Items from a data source
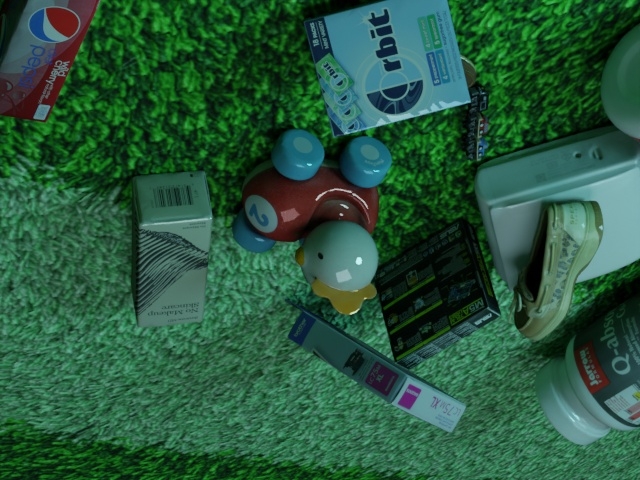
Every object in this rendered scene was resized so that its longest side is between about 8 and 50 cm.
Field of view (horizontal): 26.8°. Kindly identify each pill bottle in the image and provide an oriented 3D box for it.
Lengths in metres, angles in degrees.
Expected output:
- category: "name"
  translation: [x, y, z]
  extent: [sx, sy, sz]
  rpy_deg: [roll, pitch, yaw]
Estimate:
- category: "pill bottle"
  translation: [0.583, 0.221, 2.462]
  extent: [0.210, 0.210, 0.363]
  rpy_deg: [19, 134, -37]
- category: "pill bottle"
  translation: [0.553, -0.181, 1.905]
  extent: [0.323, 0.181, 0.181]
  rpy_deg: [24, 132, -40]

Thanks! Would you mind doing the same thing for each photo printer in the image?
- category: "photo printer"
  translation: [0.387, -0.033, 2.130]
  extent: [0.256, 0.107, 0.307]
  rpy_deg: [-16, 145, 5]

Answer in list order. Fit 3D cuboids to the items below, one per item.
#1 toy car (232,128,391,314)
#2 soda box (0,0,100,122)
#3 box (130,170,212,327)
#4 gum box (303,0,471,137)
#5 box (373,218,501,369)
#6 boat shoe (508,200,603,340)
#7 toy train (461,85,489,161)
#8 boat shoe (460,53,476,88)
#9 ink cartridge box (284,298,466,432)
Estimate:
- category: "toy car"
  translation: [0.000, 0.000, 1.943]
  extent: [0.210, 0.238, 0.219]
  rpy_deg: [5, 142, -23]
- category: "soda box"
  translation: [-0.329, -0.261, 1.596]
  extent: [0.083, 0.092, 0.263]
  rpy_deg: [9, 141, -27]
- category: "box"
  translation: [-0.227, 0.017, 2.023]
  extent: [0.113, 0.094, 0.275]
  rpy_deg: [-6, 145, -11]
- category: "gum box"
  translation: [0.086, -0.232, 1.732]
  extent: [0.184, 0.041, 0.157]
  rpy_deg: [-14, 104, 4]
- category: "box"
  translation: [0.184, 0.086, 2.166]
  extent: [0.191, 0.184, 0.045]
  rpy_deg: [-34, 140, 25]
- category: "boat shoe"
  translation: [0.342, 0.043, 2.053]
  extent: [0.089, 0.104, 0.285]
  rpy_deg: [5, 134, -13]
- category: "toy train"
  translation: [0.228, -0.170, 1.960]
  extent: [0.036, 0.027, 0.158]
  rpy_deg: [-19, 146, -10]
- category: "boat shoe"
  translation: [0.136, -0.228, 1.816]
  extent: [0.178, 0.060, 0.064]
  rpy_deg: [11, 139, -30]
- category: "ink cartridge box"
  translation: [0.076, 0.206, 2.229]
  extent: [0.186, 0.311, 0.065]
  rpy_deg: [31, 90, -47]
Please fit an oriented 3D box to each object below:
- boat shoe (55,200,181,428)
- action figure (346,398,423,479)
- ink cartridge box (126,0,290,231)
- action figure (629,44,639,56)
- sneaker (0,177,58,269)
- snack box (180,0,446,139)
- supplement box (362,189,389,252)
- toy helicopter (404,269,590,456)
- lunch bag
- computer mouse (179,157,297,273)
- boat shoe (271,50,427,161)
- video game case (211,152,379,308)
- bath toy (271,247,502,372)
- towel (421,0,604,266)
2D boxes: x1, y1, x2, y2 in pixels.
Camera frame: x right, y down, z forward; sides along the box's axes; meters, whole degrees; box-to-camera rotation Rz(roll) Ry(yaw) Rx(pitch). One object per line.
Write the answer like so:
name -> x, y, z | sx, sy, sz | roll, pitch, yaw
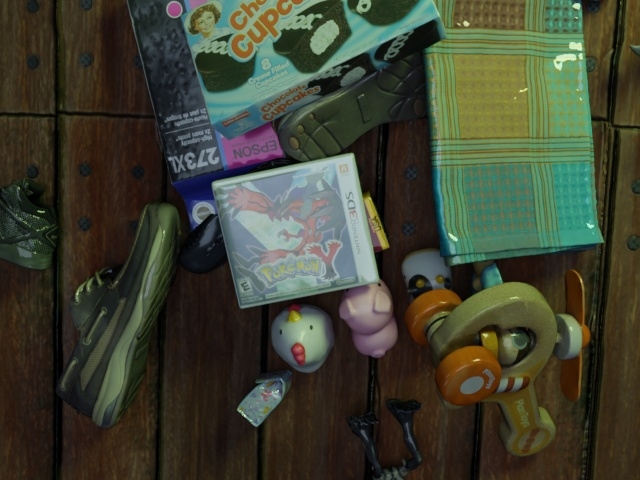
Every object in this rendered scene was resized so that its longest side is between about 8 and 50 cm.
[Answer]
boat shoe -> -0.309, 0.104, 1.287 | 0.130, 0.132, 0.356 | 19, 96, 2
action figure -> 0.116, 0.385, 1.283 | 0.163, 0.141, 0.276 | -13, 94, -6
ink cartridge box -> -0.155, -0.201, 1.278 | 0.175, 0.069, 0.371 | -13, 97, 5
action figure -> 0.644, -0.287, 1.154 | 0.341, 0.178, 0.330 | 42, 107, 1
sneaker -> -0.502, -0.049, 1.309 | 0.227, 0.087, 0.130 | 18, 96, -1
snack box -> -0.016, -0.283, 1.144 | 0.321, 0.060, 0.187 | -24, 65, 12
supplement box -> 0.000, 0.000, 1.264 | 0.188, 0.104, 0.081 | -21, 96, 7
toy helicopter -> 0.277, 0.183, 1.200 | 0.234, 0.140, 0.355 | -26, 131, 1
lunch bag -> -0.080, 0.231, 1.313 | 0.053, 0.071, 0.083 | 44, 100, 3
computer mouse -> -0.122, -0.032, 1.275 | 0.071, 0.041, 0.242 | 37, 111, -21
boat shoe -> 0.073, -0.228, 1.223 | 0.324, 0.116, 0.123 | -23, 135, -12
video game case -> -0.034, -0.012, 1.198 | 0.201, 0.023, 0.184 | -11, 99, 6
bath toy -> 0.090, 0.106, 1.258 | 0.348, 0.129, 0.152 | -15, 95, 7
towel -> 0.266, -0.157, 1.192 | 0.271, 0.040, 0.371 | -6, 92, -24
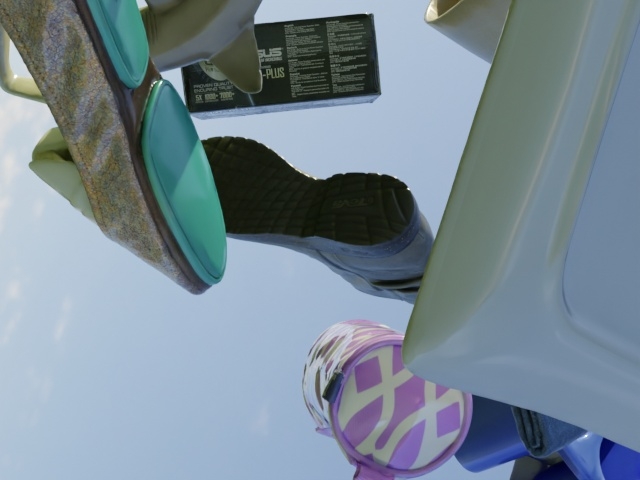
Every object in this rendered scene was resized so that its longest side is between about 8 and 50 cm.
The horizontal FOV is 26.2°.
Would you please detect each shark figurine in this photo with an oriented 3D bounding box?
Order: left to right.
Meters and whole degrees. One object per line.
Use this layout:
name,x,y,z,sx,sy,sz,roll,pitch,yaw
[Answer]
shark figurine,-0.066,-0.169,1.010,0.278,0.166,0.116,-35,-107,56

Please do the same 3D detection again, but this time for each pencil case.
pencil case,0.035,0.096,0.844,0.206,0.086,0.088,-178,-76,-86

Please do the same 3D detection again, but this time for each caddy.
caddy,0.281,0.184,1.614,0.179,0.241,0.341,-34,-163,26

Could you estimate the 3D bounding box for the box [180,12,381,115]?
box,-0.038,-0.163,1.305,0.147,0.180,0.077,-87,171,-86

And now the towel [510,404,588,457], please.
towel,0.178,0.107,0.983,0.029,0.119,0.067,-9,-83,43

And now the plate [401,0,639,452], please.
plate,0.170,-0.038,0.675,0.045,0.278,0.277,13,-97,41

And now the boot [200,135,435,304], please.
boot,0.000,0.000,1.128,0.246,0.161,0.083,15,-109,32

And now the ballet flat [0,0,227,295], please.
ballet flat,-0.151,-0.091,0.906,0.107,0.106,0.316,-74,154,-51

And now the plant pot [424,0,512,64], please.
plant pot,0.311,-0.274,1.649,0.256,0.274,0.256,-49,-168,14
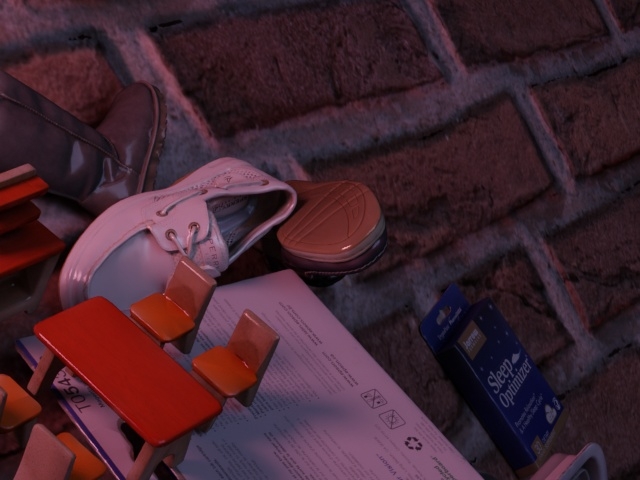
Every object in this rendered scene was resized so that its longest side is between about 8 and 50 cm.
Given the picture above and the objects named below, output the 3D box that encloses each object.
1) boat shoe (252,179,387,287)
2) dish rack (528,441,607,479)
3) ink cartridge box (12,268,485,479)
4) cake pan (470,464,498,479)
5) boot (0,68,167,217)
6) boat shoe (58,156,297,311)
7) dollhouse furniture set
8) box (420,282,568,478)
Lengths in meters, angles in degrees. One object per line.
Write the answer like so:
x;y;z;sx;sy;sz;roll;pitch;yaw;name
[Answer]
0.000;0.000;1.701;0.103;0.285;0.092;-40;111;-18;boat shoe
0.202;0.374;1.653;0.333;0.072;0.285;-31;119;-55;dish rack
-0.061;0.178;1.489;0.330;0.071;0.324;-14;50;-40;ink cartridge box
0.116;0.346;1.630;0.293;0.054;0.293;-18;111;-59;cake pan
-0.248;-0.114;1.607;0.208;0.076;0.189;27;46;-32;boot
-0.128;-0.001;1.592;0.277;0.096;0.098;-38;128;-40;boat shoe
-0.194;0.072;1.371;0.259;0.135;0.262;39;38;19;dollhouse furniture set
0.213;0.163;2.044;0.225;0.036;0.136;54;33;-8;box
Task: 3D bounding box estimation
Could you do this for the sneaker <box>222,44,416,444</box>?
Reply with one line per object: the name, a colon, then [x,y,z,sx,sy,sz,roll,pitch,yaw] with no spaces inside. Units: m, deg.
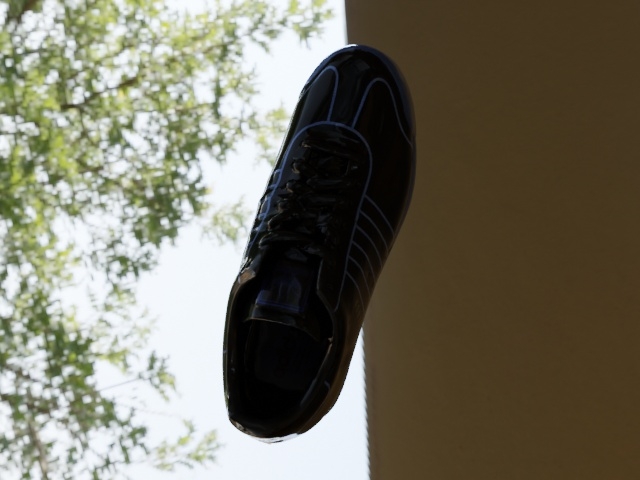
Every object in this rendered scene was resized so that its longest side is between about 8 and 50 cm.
--
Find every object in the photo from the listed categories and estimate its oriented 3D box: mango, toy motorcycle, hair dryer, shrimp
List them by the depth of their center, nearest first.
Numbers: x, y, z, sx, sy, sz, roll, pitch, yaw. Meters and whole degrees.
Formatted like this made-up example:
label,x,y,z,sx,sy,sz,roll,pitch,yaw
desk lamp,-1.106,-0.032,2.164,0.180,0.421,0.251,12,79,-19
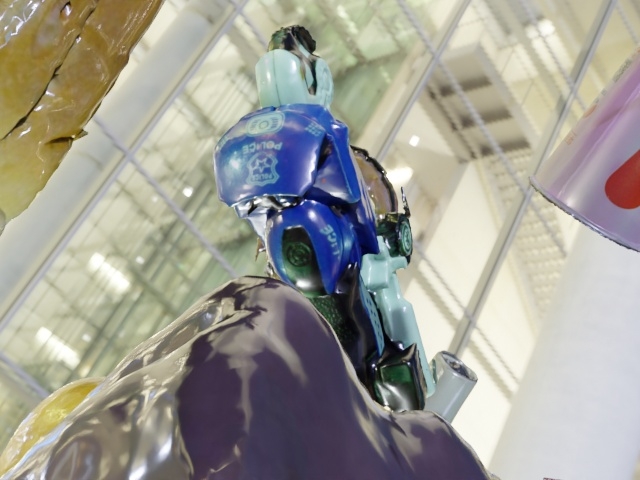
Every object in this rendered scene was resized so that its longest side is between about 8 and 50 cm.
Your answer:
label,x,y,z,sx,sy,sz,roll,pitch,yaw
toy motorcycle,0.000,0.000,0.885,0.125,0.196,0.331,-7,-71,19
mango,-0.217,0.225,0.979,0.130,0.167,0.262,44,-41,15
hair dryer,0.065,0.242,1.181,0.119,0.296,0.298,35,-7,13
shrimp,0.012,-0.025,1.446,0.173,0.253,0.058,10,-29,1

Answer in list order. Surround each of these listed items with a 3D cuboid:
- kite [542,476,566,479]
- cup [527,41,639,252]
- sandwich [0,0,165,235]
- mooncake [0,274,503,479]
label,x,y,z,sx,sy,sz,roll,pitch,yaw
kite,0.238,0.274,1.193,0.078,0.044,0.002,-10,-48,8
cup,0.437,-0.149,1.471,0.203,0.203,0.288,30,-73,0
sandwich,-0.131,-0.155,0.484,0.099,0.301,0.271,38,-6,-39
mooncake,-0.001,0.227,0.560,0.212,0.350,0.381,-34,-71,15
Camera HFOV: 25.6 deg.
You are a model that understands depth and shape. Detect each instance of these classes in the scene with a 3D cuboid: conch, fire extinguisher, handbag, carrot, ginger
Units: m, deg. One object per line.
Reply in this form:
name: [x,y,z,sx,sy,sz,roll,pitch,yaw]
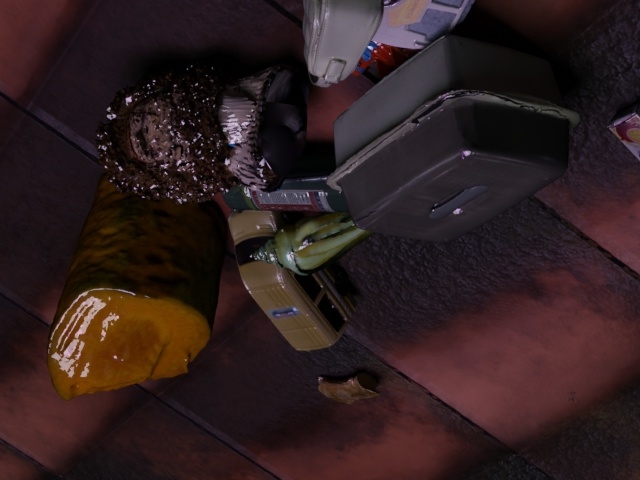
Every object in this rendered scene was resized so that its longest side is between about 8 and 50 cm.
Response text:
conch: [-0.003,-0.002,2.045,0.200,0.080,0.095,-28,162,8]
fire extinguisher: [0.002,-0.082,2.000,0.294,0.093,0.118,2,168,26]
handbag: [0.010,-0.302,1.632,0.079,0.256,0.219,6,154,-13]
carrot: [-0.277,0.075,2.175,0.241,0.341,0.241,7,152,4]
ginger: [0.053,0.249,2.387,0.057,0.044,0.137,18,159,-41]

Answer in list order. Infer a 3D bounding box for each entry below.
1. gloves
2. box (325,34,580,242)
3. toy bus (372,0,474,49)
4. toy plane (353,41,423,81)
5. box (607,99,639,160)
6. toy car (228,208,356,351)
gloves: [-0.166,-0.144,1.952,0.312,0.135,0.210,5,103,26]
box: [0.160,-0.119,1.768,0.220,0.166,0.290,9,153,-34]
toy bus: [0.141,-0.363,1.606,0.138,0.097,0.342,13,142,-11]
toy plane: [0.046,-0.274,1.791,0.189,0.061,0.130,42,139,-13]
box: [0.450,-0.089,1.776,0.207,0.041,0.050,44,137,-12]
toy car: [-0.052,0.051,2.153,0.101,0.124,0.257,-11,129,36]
* * *
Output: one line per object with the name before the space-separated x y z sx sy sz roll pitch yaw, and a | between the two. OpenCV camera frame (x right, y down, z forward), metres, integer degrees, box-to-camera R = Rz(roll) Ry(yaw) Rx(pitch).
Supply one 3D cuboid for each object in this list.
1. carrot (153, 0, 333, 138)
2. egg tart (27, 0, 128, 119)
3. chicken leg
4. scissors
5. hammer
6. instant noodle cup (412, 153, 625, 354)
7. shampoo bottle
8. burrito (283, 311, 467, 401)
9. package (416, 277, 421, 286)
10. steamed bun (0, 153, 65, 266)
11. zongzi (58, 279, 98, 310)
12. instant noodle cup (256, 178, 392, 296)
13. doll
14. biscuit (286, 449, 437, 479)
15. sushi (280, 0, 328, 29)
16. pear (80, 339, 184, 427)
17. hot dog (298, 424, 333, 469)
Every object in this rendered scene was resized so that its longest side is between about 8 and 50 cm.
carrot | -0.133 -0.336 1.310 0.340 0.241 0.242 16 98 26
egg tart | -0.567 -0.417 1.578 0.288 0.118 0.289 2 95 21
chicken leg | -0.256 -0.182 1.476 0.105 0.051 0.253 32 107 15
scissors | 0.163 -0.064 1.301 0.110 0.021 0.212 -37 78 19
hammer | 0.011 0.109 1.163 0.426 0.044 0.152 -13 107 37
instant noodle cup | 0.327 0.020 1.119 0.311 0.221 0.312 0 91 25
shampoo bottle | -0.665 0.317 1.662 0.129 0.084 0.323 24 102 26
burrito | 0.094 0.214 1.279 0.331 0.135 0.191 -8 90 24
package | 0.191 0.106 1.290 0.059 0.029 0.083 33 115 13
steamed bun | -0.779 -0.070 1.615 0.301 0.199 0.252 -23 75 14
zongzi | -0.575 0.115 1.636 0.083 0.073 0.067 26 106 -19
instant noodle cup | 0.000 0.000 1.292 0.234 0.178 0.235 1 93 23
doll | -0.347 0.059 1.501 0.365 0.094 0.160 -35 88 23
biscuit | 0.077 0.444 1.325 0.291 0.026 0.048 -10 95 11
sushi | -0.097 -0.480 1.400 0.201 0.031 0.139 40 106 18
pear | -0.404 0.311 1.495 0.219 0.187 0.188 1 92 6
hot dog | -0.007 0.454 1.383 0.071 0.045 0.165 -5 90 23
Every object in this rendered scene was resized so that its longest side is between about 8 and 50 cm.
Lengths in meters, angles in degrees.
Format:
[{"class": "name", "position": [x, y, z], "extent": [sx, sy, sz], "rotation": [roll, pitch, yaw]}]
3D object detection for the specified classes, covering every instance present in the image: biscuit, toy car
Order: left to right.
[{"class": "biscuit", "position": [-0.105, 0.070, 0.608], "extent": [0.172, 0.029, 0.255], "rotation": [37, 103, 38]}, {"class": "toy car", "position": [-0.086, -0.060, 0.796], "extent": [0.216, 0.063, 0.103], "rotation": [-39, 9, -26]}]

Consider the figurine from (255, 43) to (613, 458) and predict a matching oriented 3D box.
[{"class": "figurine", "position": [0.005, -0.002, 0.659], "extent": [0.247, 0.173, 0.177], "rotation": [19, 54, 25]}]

▸ **Assignment**
Given the records above, restate word for word only the lines starting at the one with "1. carrot (153, 0, 333, 138)" and ending at the one with "16. pear (80, 339, 184, 427)".

▸ **Result of this task**
1. carrot (153, 0, 333, 138)
2. egg tart (27, 0, 128, 119)
3. chicken leg
4. scissors
5. hammer
6. instant noodle cup (412, 153, 625, 354)
7. shampoo bottle
8. burrito (283, 311, 467, 401)
9. package (416, 277, 421, 286)
10. steamed bun (0, 153, 65, 266)
11. zongzi (58, 279, 98, 310)
12. instant noodle cup (256, 178, 392, 296)
13. doll
14. biscuit (286, 449, 437, 479)
15. sushi (280, 0, 328, 29)
16. pear (80, 339, 184, 427)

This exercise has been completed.